## Task brief
Quote only the lines that start at the line with "materials: paper" and run to the end of the entries; omit the pictures.

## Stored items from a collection
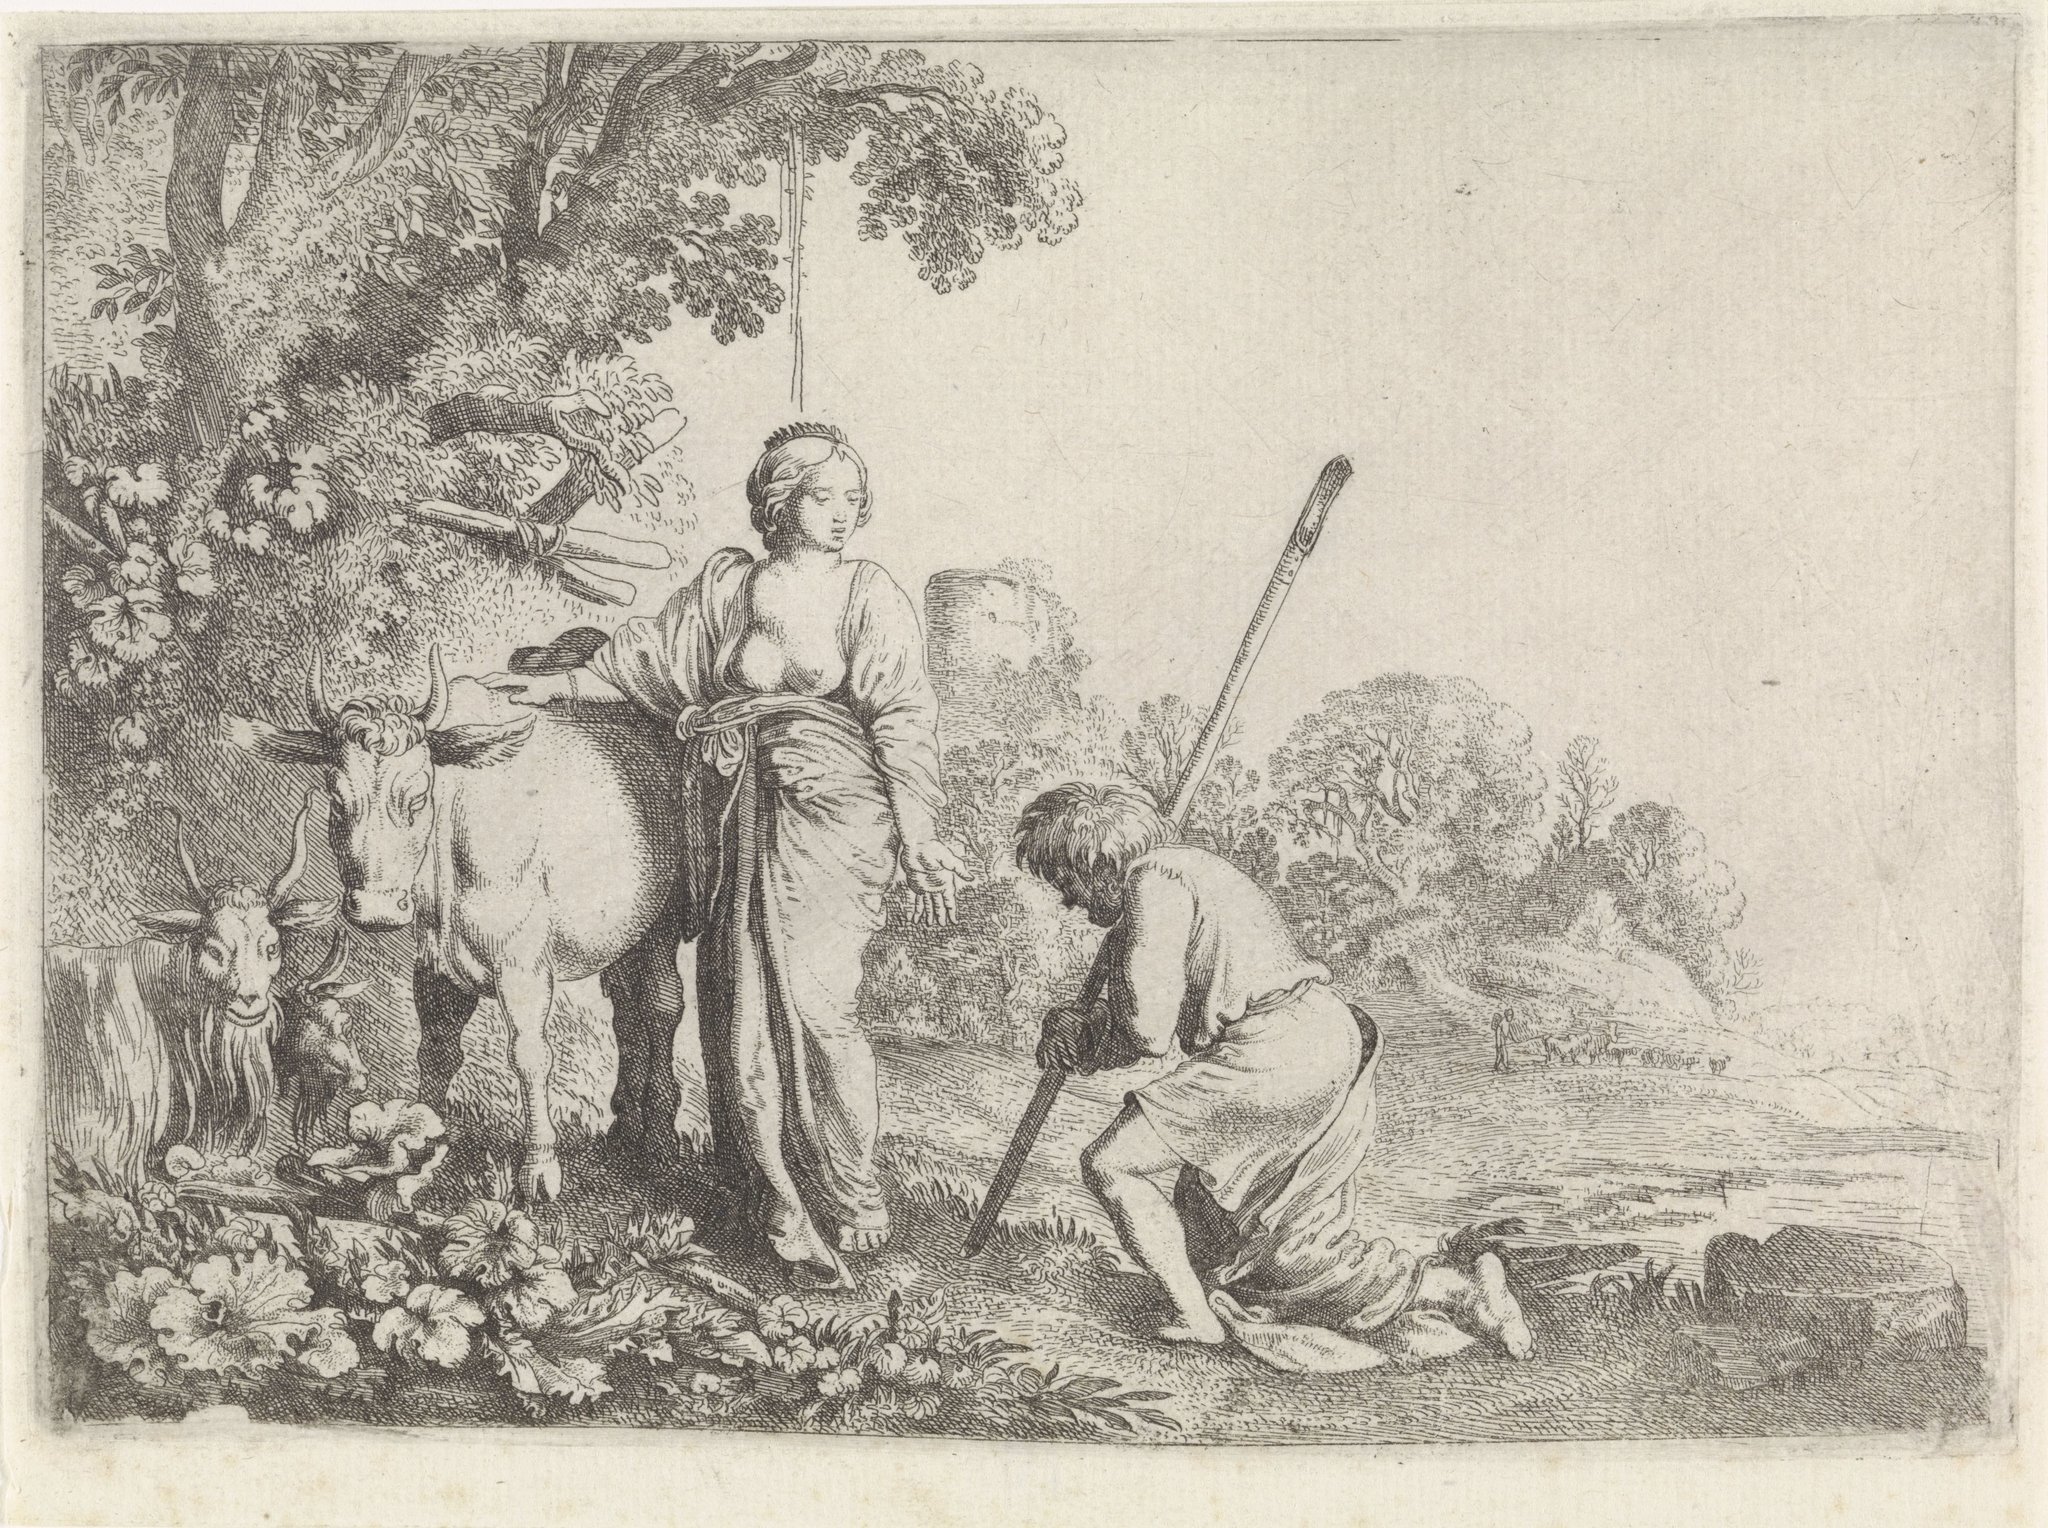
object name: print
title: Mercurius en Argus
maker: moyses van wtenbrouck
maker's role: painter, print maker
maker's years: 1590-1647
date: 1618-1628
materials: paper
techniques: engraving, etching
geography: the hague
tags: io is petted by inachus, her father, and by her sisters
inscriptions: collector's mark: Lugt 240
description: Juno laat de koe (Io) bewaken door de reus Argus. Argus knielt voor Juno. Scène uit Ovidius’ Metamorfosen (Met. I, 624).
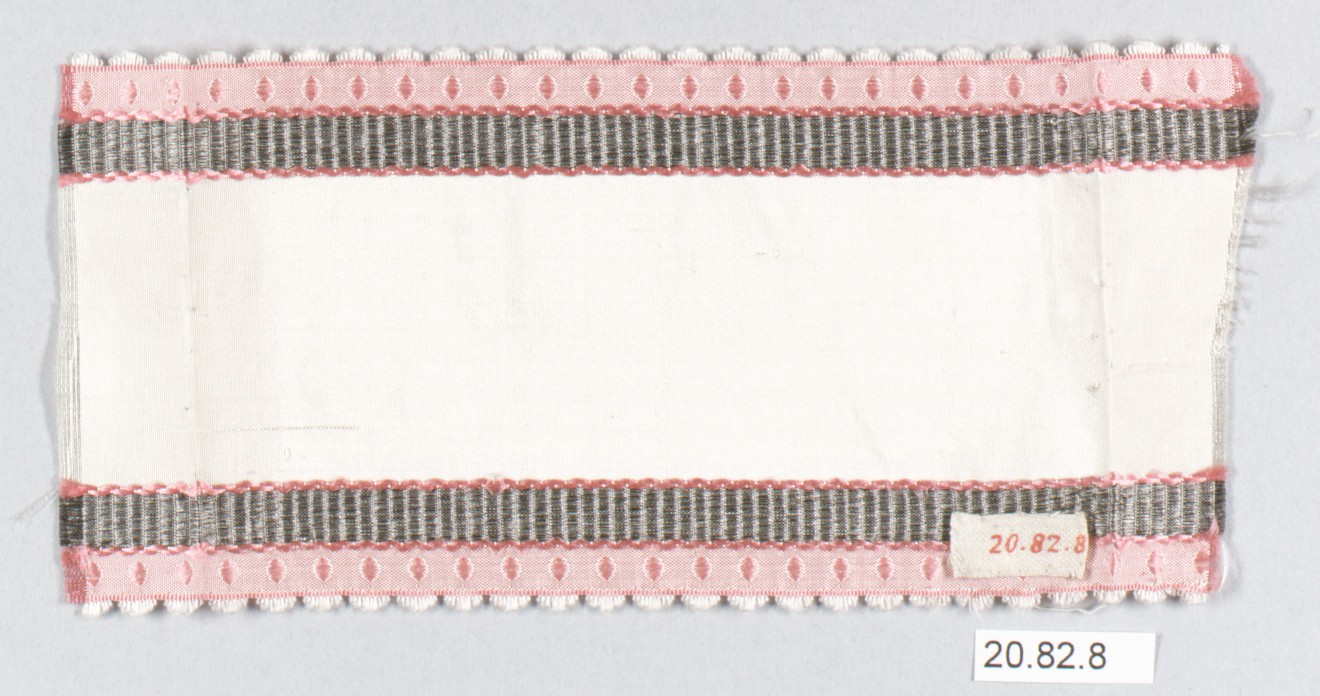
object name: ribbon
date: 1801-1833
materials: silk
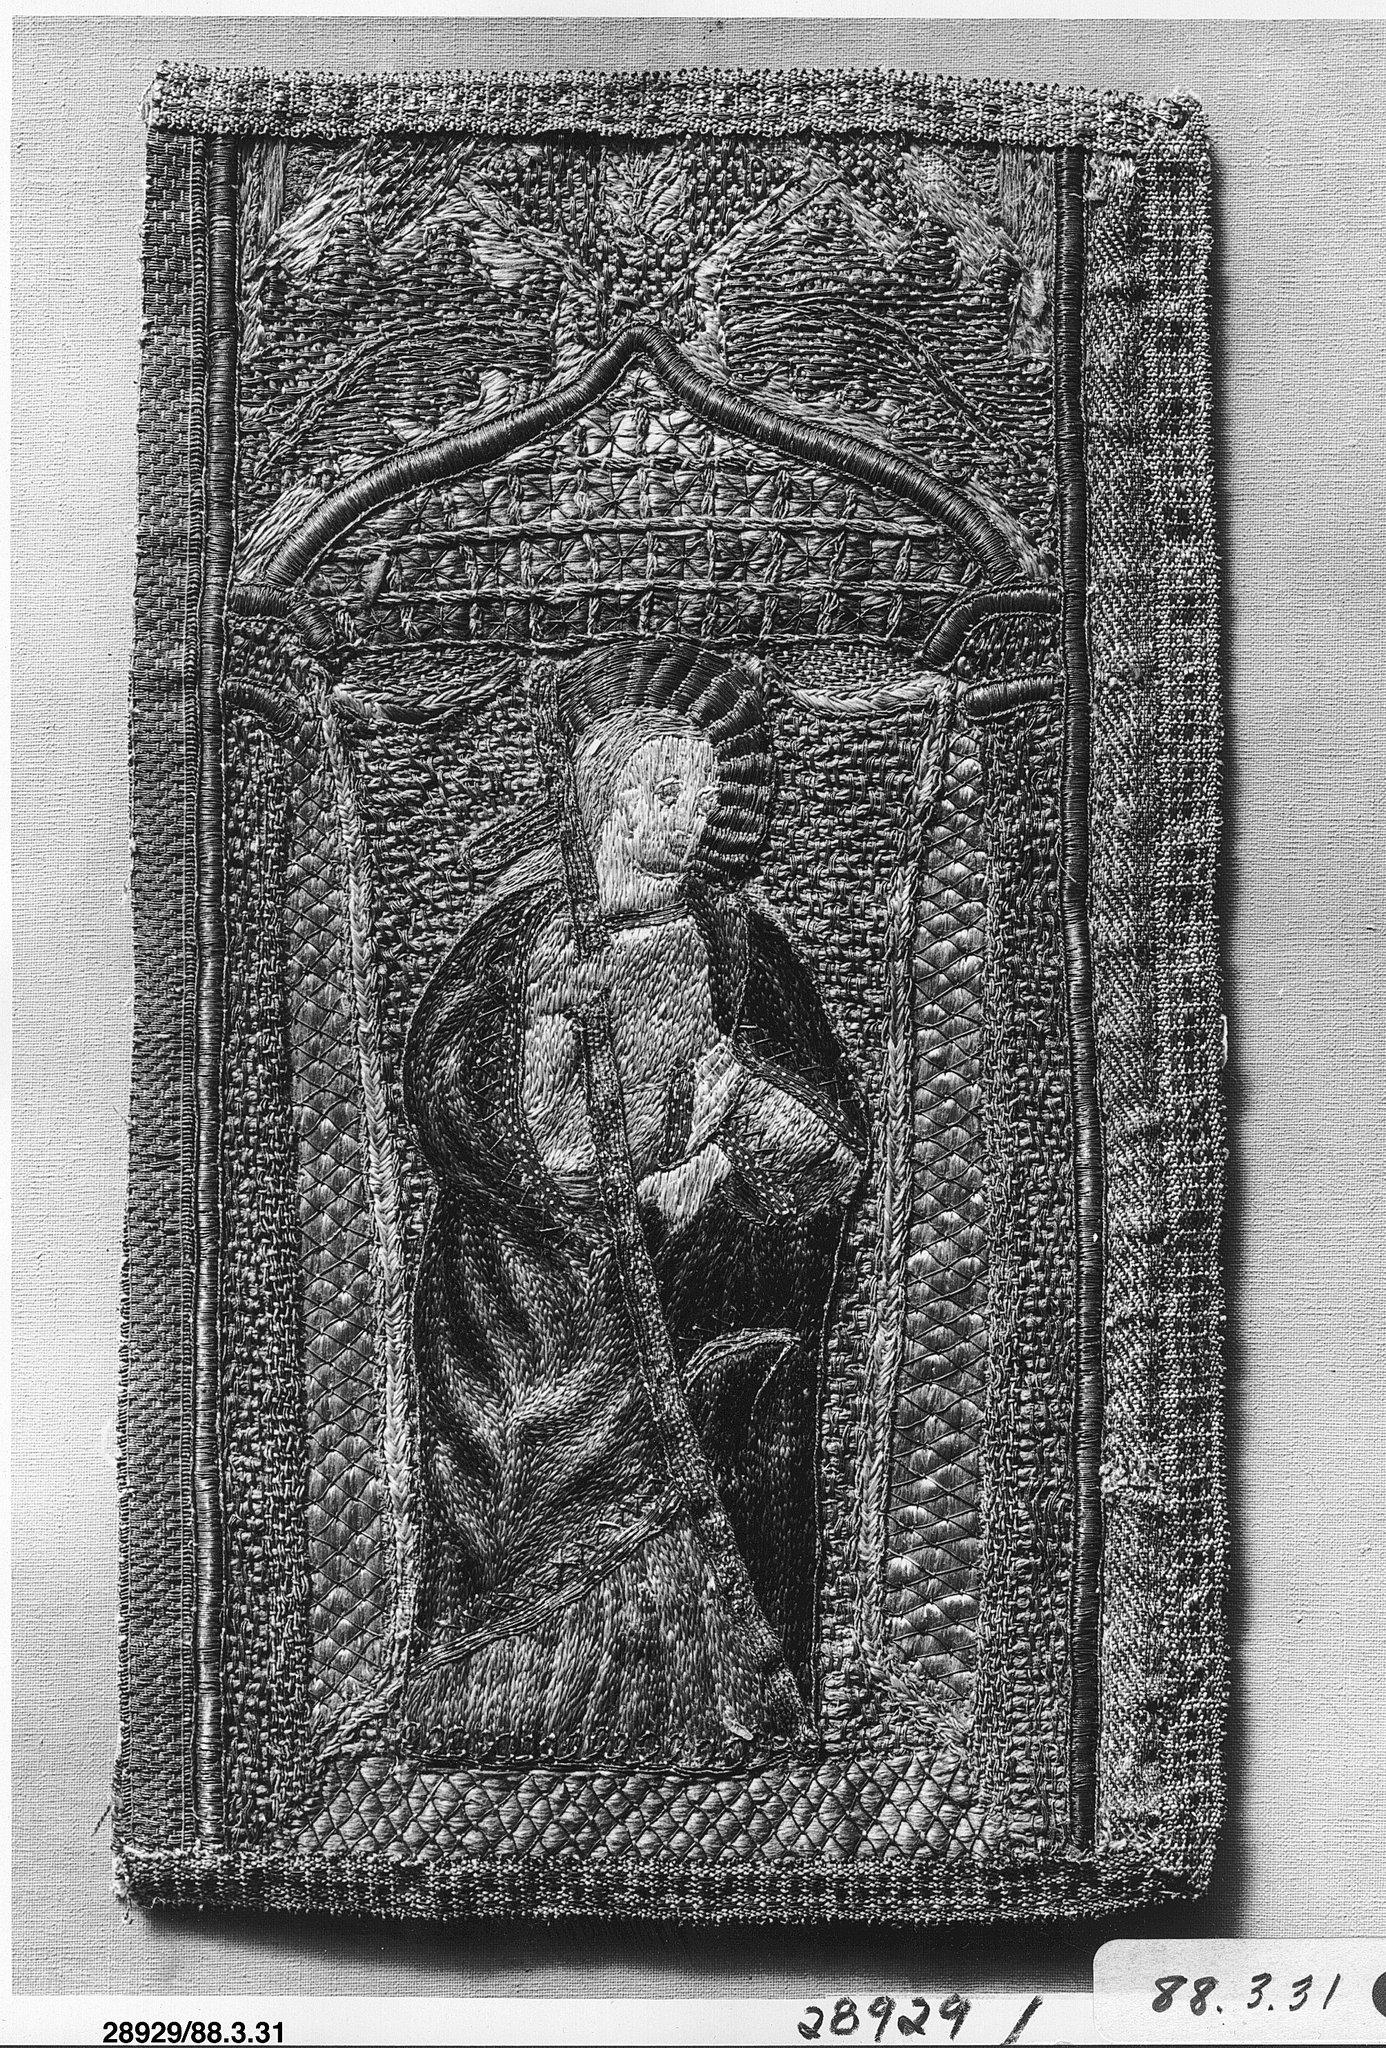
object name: panel
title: Female saint
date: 1401-1500
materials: canvas, metal thread, silk
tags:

## Task result
materials: paper
techniques: engraving, etching
geography: the hague
tags: io is petted by inachus, her father, and by her sisters
inscriptions: collector's mark: Lugt 240
description: Juno laat de koe (Io) bewaken door de reus Argus. Argus knielt voor Juno. Scène uit Ovidius’ Metamorfosen (Met. I, 624).
object name: ribbon
date: 1801-1833
materials: silk
object name: panel
title: Female saint
date: 1401-1500
materials: canvas, metal thread, silk
tags:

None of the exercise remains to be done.